> REQUIRED WORK
Output each line exactly as written, from the first line of the records to the line bearing "text Gaat u verder. [422, 81, 1087, 103]", inclusive, while leaving every picture out.

|---|

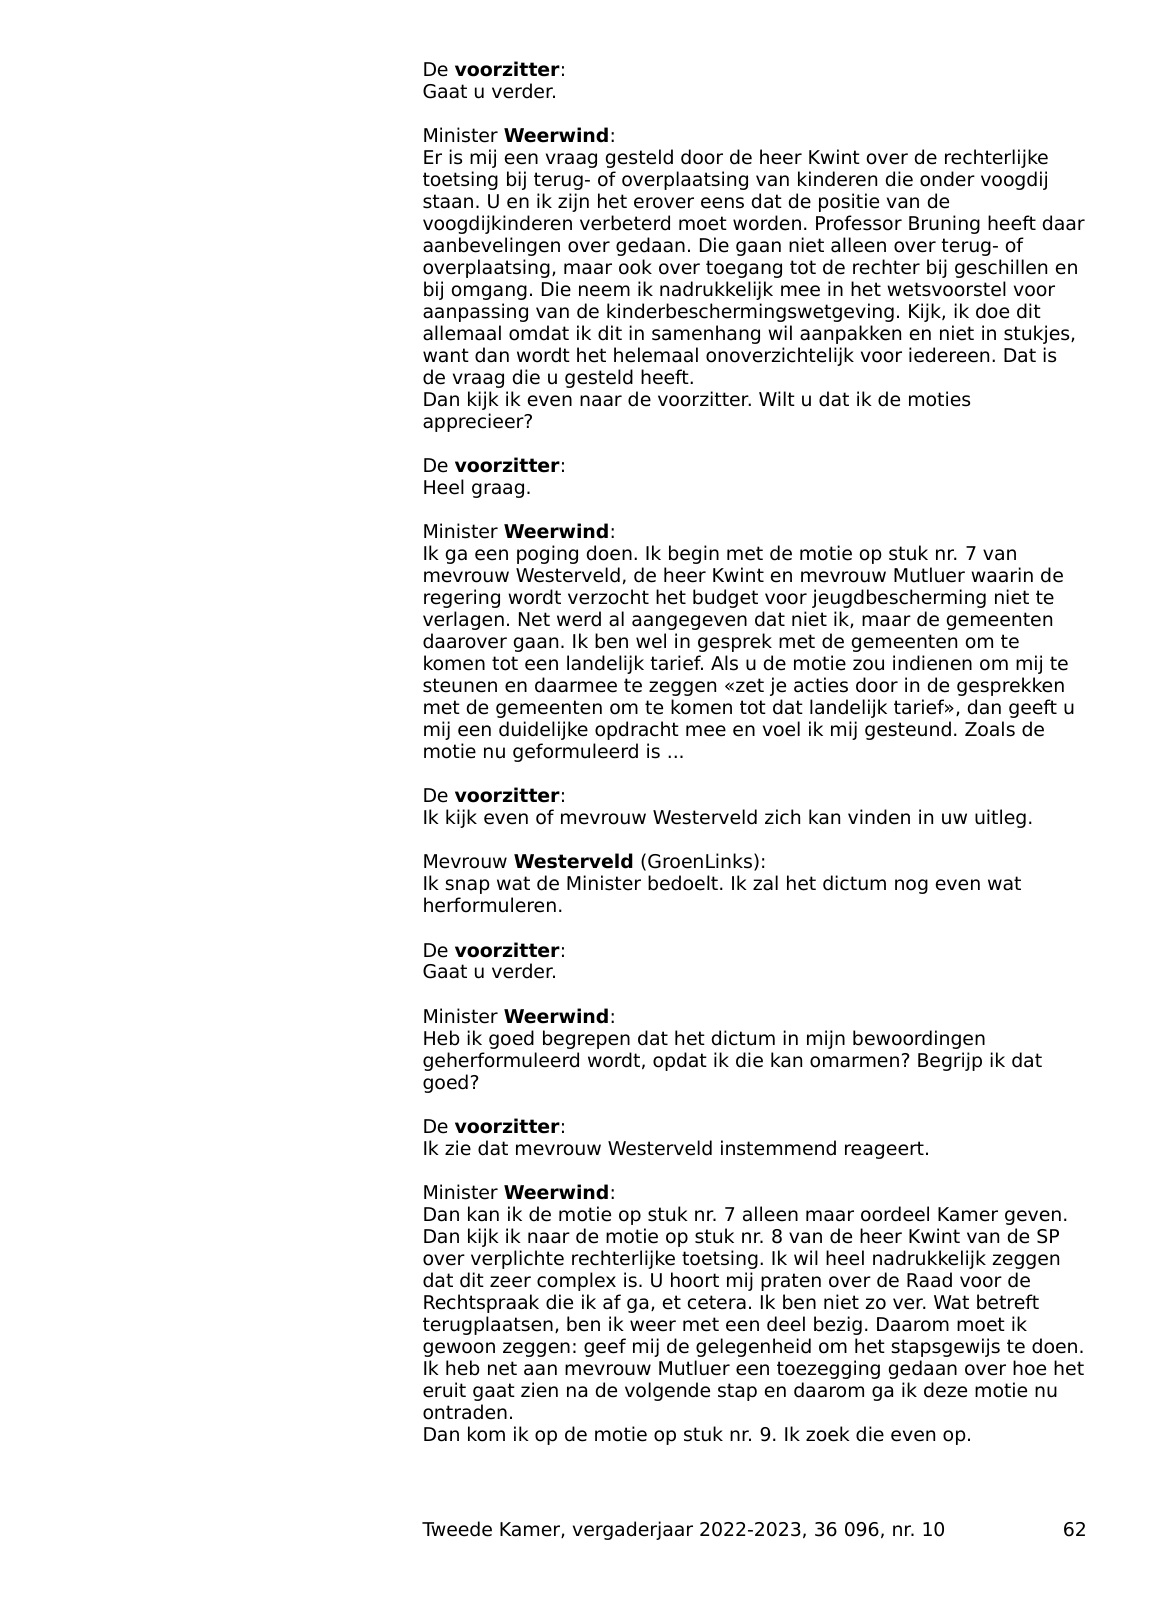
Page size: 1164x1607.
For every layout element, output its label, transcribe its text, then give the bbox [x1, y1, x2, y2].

text De voorzitter: [422, 59, 1087, 81]
text Minister Weerwind: [422, 125, 1087, 147]
text Ik snap wat de Minister bedoelt. Ik zal het dictum nog even wat herformuleren. [422, 873, 1087, 917]
text Gaat u verder. [422, 81, 1087, 103]
text Ik ga een poging doen. Ik begin met de motie op stuk nr. 7 van mevrouw Westerveld, de heer Kwint en mevrouw Mutluer waarin de regering wordt verzocht het budget voor jeugdbescherming niet te verlagen. Net werd al aangegeven dat niet ik, maar de gemeenten daarover gaan. Ik ben wel in gesprek met de gemeenten om te komen tot een landelijk tarief. Als u de motie zou indienen om mij te steunen en daarmee te zeggen «zet je acties door in de gesprekken met de gemeenten om te komen tot dat landelijk tarief», dan geeft u mij een duidelijke opdracht mee en voel ik mij gesteund. Zoals de motie nu geformuleerd is ... [422, 543, 1087, 763]
text Minister Weerwind: [422, 1006, 1087, 1028]
text De voorzitter: [422, 455, 1087, 477]
text Dan kan ik de motie op stuk nr. 7 alleen maar oordeel Kamer geven. [422, 1204, 1087, 1226]
text Dan kom ik op de motie op stuk nr. 9. Ik zoek die even op. [422, 1424, 1087, 1446]
text Mevrouw Westerveld (GroenLinks): [422, 851, 1087, 873]
text Heel graag. [422, 477, 1087, 499]
text De voorzitter: [422, 785, 1087, 807]
text Gaat u verder. [422, 961, 1087, 983]
text De voorzitter: [422, 939, 1087, 961]
text Dan kijk ik naar de motie op stuk nr. 8 van de heer Kwint van de SP over verplichte rechterlijke toetsing. Ik wil heel nadrukkelijk zeggen dat dit zeer complex is. U hoort mij praten over de Raad voor de Rechtspraak die ik af ga, et cetera. Ik ben niet zo ver. Wat betreft terugplaatsen, ben ik weer met een deel bezig. Daarom moet ik gewoon zeggen: geef mij de gelegenheid om het stapsgewijs te doen. Ik heb net aan mevrouw Mutluer een toezegging gedaan over hoe het eruit gaat zien na de volgende stap en daarom ga ik deze motie nu ontraden. [422, 1226, 1087, 1424]
text De voorzitter: [422, 1116, 1087, 1138]
text Ik kijk even of mevrouw Westerveld zich kan vinden in uw uitleg. [422, 807, 1087, 829]
text Dan kijk ik even naar de voorzitter. Wilt u dat ik de moties apprecieer? [422, 389, 1087, 433]
text Minister Weerwind: [422, 1182, 1087, 1204]
text Heb ik goed begrepen dat het dictum in mijn bewoordingen geherformuleerd wordt, opdat ik die kan omarmen? Begrijp ik dat goed? [422, 1028, 1087, 1093]
text Er is mij een vraag gesteld door de heer Kwint over de rechterlijke toetsing bij terug- of overplaatsing van kinderen die onder voogdij staan. U en ik zijn het erover eens dat de positie van de voogdijkinderen verbeterd moet worden. Professor Bruning heeft daar aanbevelingen over gedaan. Die gaan niet alleen over terug- of overplaatsing, maar ook over toegang tot de rechter bij geschillen en bij omgang. Die neem ik nadrukkelijk mee in het wetsvoorstel voor aanpassing van de kinderbeschermingswetgeving. Kijk, ik doe dit allemaal omdat ik dit in samenhang wil aanpakken en niet in stukjes, want dan wordt het helemaal onoverzichtelijk voor iedereen. Dat is de vraag die u gesteld heeft. [422, 147, 1087, 389]
text Ik zie dat mevrouw Westerveld instemmend reageert. [422, 1138, 1087, 1160]
text Minister Weerwind: [422, 521, 1087, 543]
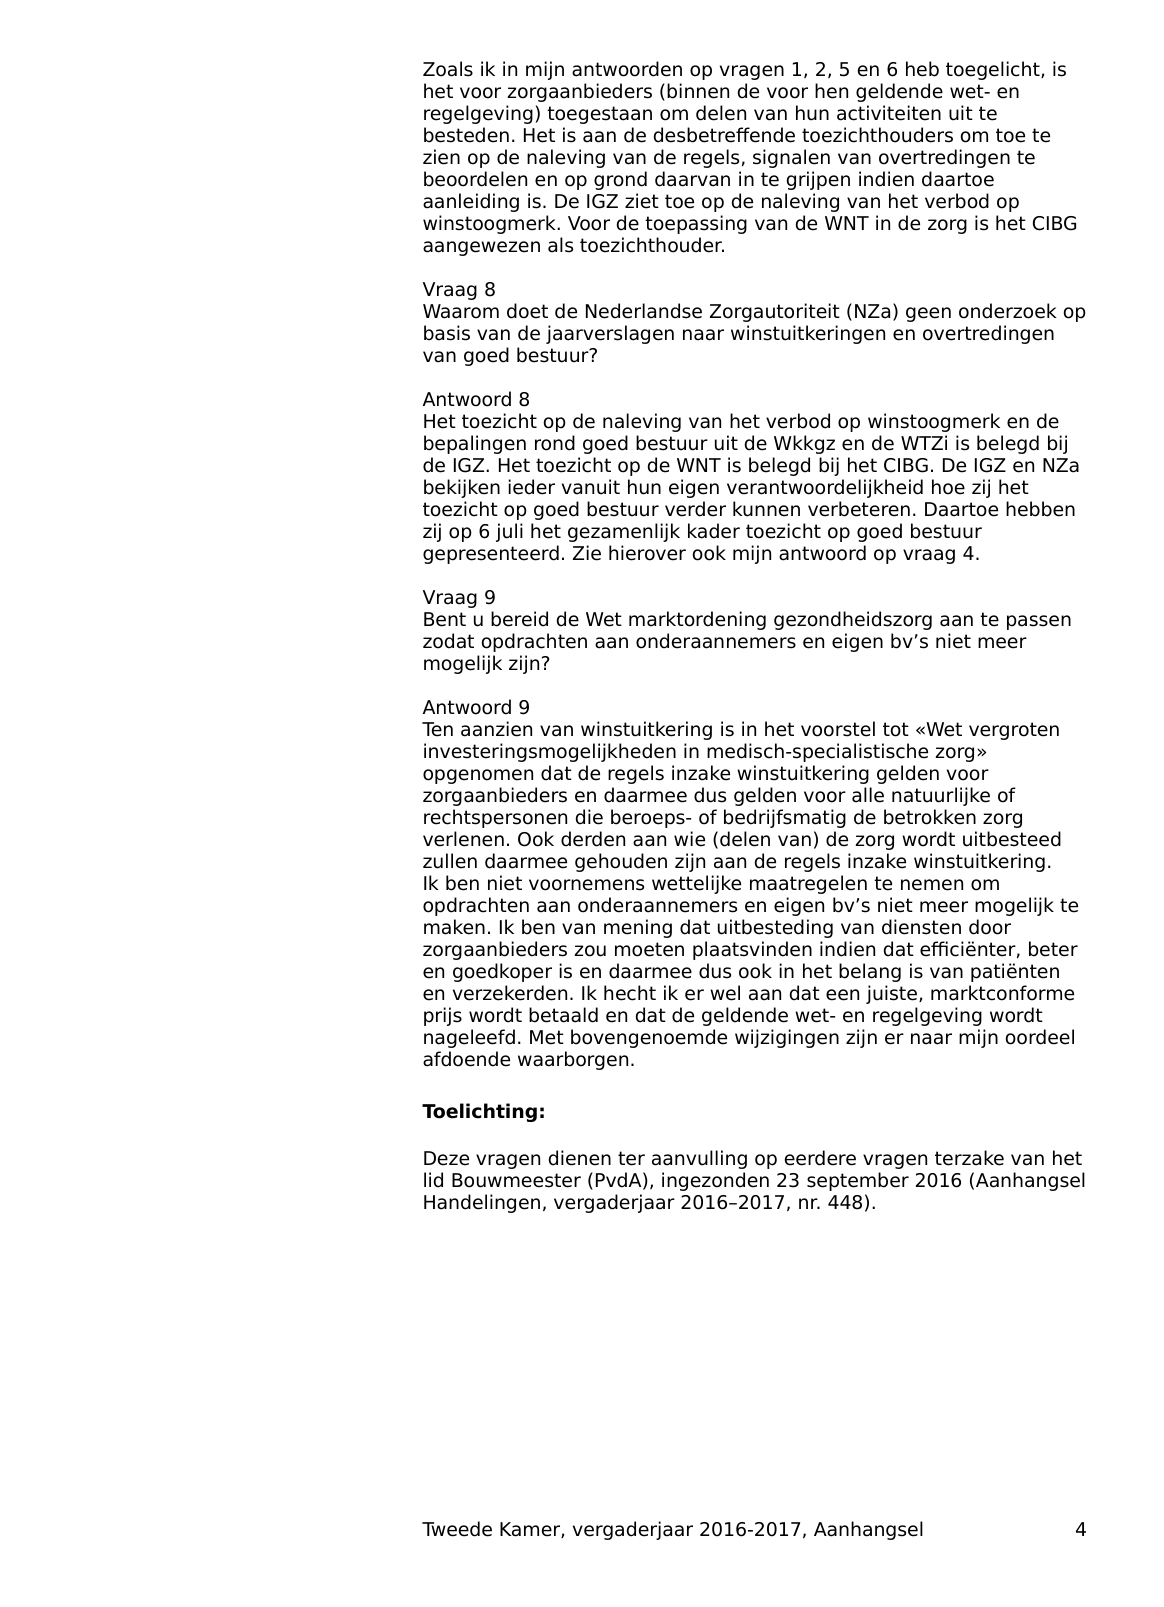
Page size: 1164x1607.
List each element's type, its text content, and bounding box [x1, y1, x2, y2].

text Waarom doet de Nederlandse Zorgautoriteit (NZa) geen onderzoek op basis van de jaarverslagen naar winstuitkeringen en overtredingen van goed bestuur? [422, 301, 1087, 367]
text Het toezicht op de naleving van het verbod op winstoogmerk en de bepalingen rond goed bestuur uit de Wkkgz en de WTZi is belegd bij de IGZ. Het toezicht op de WNT is belegd bij het CIBG. De IGZ en NZa bekijken ieder vanuit hun eigen verantwoordelijkheid hoe zij het toezicht op goed bestuur verder kunnen verbeteren. Daartoe hebben zij op 6 juli het gezamenlijk kader toezicht op goed bestuur gepresenteerd. Zie hierover ook mijn antwoord op vraag 4. [422, 411, 1087, 565]
text Antwoord 8 [422, 389, 1087, 411]
text Antwoord 9 [422, 697, 1087, 719]
text Ten aanzien van winstuitkering is in het voorstel tot «Wet vergroten investeringsmogelijkheden in medisch-specialistische zorg» opgenomen dat de regels inzake winstuitkering gelden voor zorgaanbieders en daarmee dus gelden voor alle natuurlijke of rechtspersonen die beroeps- of bedrijfsmatig de betrokken zorg verlenen. Ook derden aan wie (delen van) de zorg wordt uitbesteed zullen daarmee gehouden zijn aan de regels inzake winstuitkering. [422, 719, 1087, 873]
text Vraag 8 [422, 279, 1087, 301]
text Vraag 9 [422, 587, 1087, 609]
text Ik ben niet voornemens wettelijke maatregelen te nemen om opdrachten aan onderaannemers en eigen bv’s niet meer mogelijk te maken. Ik ben van mening dat uitbesteding van diensten door zorgaanbieders zou moeten plaatsvinden indien dat efficiënter, beter en goedkoper is en daarmee dus ook in het belang is van patiënten en verzekerden. Ik hecht ik er wel aan dat een juiste, marktconforme prijs wordt betaald en dat de geldende wet- en regelgeving wordt nageleefd. Met bovengenoemde wijzigingen zijn er naar mijn oordeel afdoende waarborgen. [422, 873, 1087, 1071]
subtitle Toelichting: [422, 1101, 1087, 1123]
text Deze vragen dienen ter aanvulling op eerdere vragen terzake van het lid Bouwmeester (PvdA), ingezonden 23 september 2016 (Aanhangsel Handelingen, vergaderjaar 2016–2017, nr. 448). [422, 1148, 1087, 1214]
text Bent u bereid de Wet marktordening gezondheidszorg aan te passen zodat opdrachten aan onderaannemers en eigen bv’s niet meer mogelijk zijn? [422, 609, 1087, 675]
text Zoals ik in mijn antwoorden op vragen 1, 2, 5 en 6 heb toegelicht, is het voor zorgaanbieders (binnen de voor hen geldende wet- en regelgeving) toegestaan om delen van hun activiteiten uit te besteden. Het is aan de desbetreffende toezichthouders om toe te zien op de naleving van de regels, signalen van overtredingen te beoordelen en op grond daarvan in te grijpen indien daartoe aanleiding is. De IGZ ziet toe op de naleving van het verbod op winstoogmerk. Voor de toepassing van de WNT in de zorg is het CIBG aangewezen als toezichthouder. [422, 59, 1087, 257]

|---|

> EXERCISE RESPONSE
Page size: 1164x1607.
For every layout element, output its label, transcribe its text, then give the bbox [x1, y1, x2, y2].

text De voorzitter: [422, 59, 1087, 81]
text Minister Weerwind: [422, 125, 1087, 147]
text Ik snap wat de Minister bedoelt. Ik zal het dictum nog even wat herformuleren. [422, 873, 1087, 917]
text Gaat u verder. [422, 81, 1087, 103]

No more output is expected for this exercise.